All this means that we Palestinians are not just unsupported, but are unable to support each other. Even if Palestinians manage to contain the spread and make efficient use of what little resources we have, we remain at the occupation’s mercy. This is without even mentioning the economic blow, the heightened poverty and food insecurity, and other damaging effects that will be felt for years to come.

And while there is a severe shortcoming from the Palestinian political leadership, it does not compare to their Israeli overlords. Israel, as a de facto occupying power, is obliged to provide services to the occupied population under international law; in other words, the prison warden is responsible for the welfare of the prisoner. With that duty comes the prohibition of any measures that would permanently compromise the rights of the local population, including their right to health.

Palestinians have protested against these oppressive measures for decades; but even when our shouts did not fall on deaf ears, international intervention did not take our demands seriously.

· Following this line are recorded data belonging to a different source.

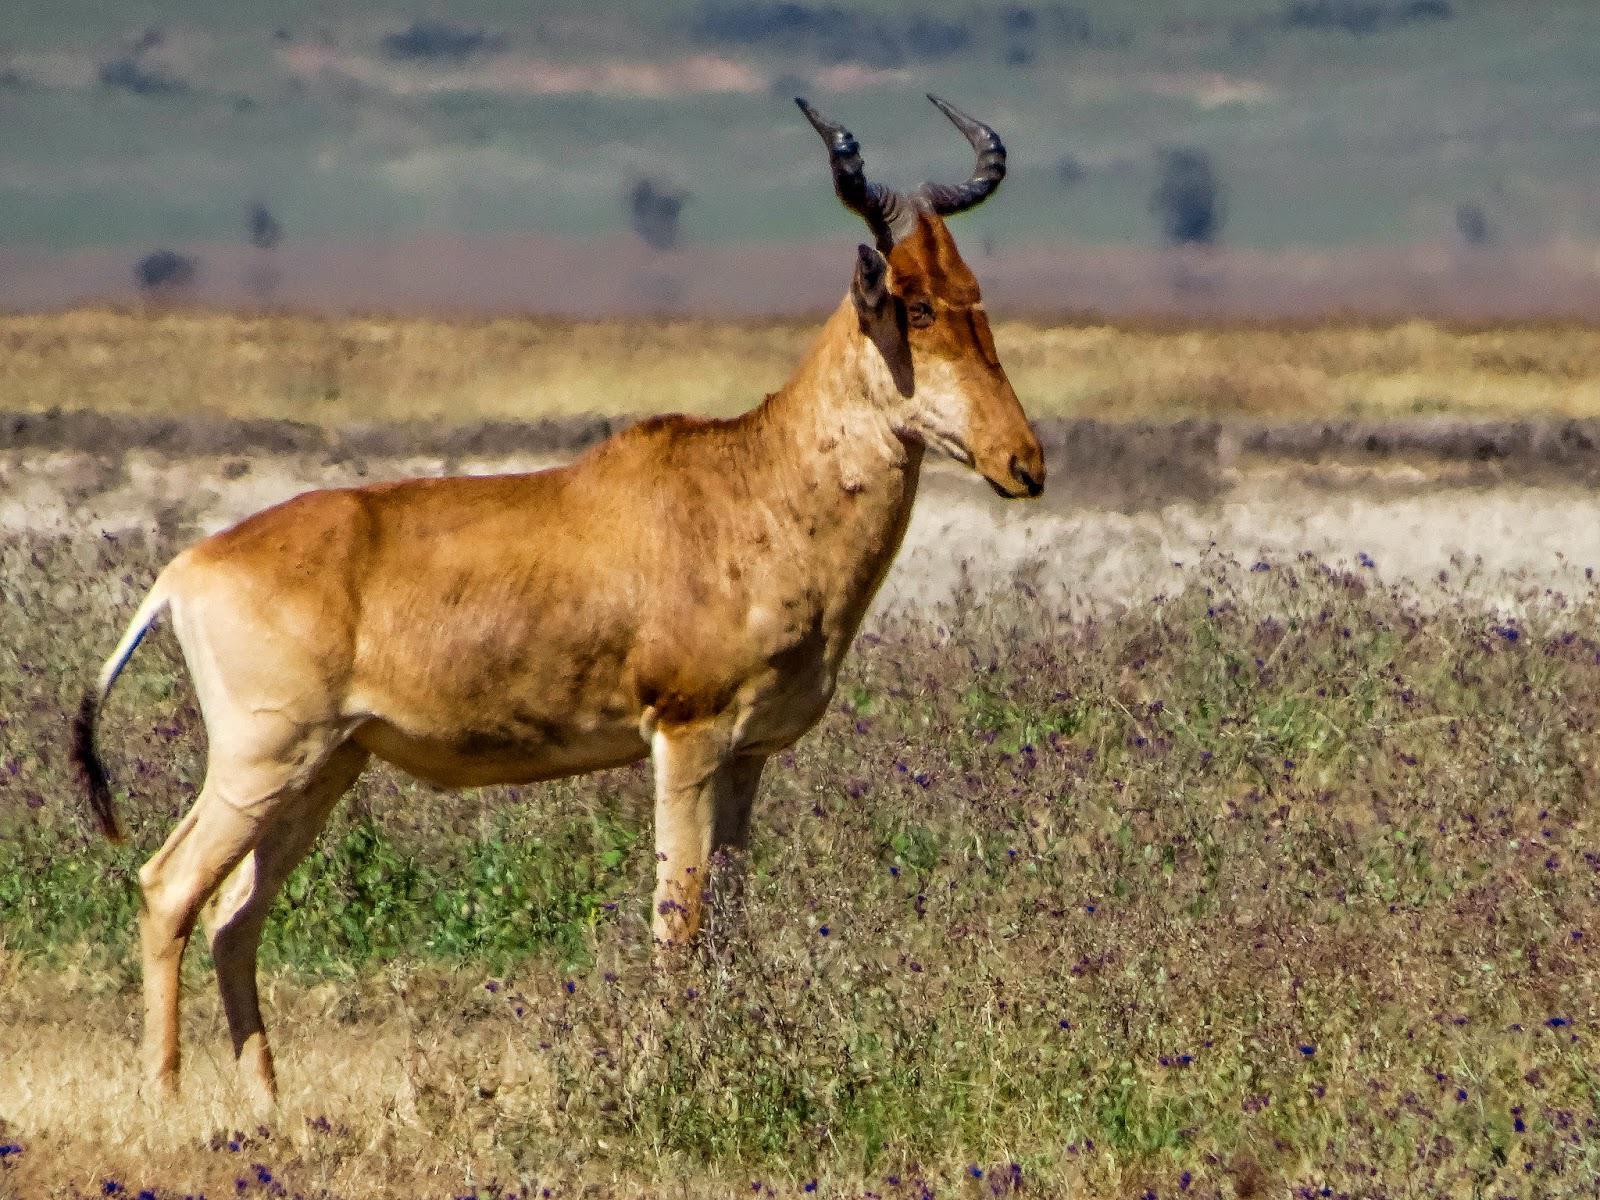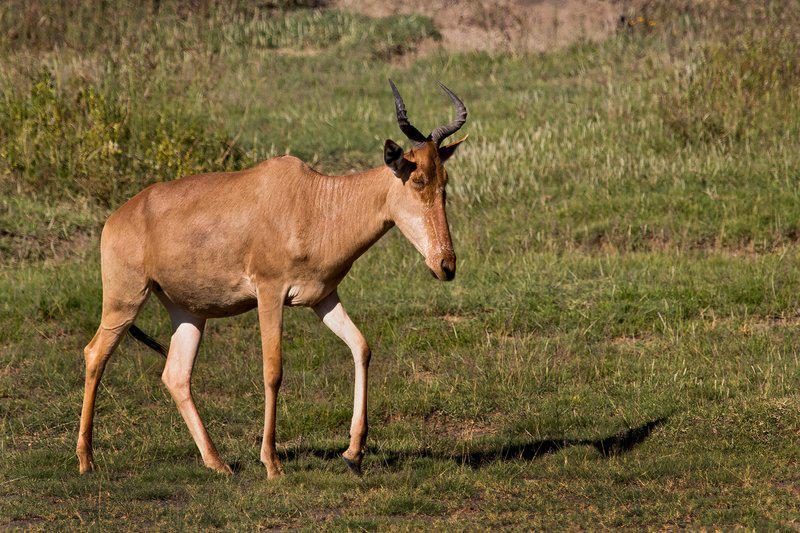The first image is the image on the left, the second image is the image on the right. Examine the images to the left and right. Is the description "Both images feature animals facing the same direction." accurate? Answer yes or no. Yes. 
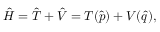Convert formula to latex. <formula><loc_0><loc_0><loc_500><loc_500>\hat { H } = \hat { T } + \hat { V } = T ( \hat { p } ) + V ( \hat { q } ) ,</formula> 
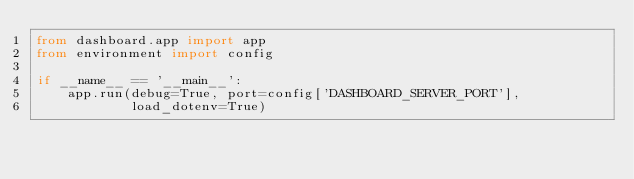Convert code to text. <code><loc_0><loc_0><loc_500><loc_500><_Python_>from dashboard.app import app
from environment import config

if __name__ == '__main__':
    app.run(debug=True, port=config['DASHBOARD_SERVER_PORT'],
            load_dotenv=True)
</code>

The importance of having control over our fate — or in simpler terms, to have our freedom — is so we can have a fighting chance. Freedom on its own is not enough to overcome the pandemic, but at least it would give us the power to try without being consistently beaten down, and without suffering the consequences of choices that are not of our making. This is the meaning of oppression: violently and forcefully designing a reality whose brutal outcomes fall on the oppressed.

If decades of occupation, mass imprisonment, killings, land theft, and resource theft are not enough, perhaps the tragic flames of a pandemic will more vividly expose the injustices that are tailored to impair and immobilize Palestinians. Just as we take measures to confront COVID-19, we must also confront the forces that strip us bare and throw us into the lion’s den.